# Best way to teach



## D2n6y (Aug 26, 2019)

Hi everyone I'm hoping for some advice, I'm new to owning a cocktail and I would like some good advice on how to approach my cocktail and get him use to me when I'm trying to give him treats through the cage, eventually I want him out and happy to be on my hand/shoulder. 

When I go near his cage he will move to the other side. 

Thanks in advance


----------



## LeahB (May 25, 2016)

Hi. Start by talking and whistling to him a lot. See what he responds to and try to get a dialog going. Also, put a "treat cup" in his cage. The idea is that he learns that you coming close means he gets something tasty. At first, move away after you put the treat in. Eventually, he will come and eat the treat with you nearby. When you think he is ready, you can hold something like a piece of millet just above the treat cup. 

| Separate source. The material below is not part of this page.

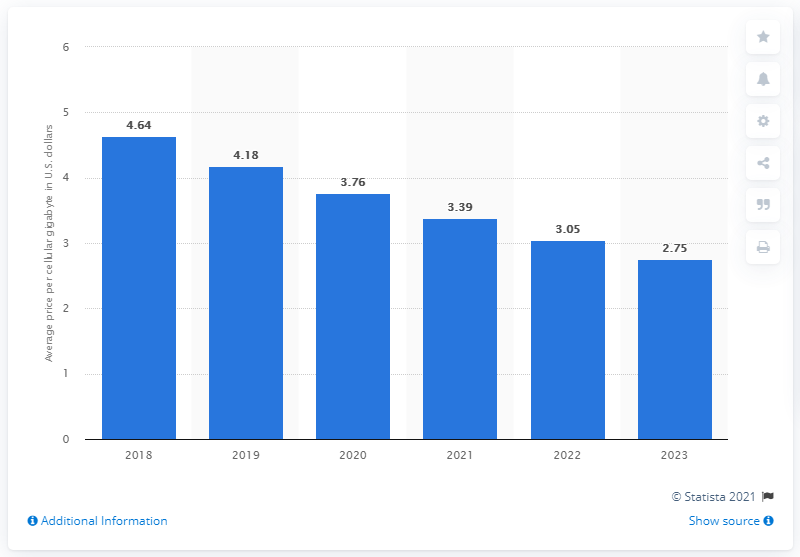Specify some key components in this picture. In 2018, the average price of cellular data per gigabyte (GB) was $4.64 in dollars. The average price of cellular data in the U.S. is projected to end in 2023.

The idea is to move at his pace. You want him to be truly comfortable around you, not just tolerate your presence. It's best to do several short training sessions a day and try to end while he's still comfortable.

While this is going on, you still need to clean his cage etc. Do that matter of factly. Try to keep you movements slow. He will be alarmed, but try to keep it at a minimum. Leave him a small treat when you are done. ;-)


----------



## silpugs (Oct 27, 2016)

*socialize him*

I would have started immediately with putting your hand in the cage and getting him/her to go on your finger ( say UP). Then once he is adjusted to that, you can give him a seed to take from your hand. They have to be comfortable with you. They are very social birds so this should not be hard. Keep us posted.


----------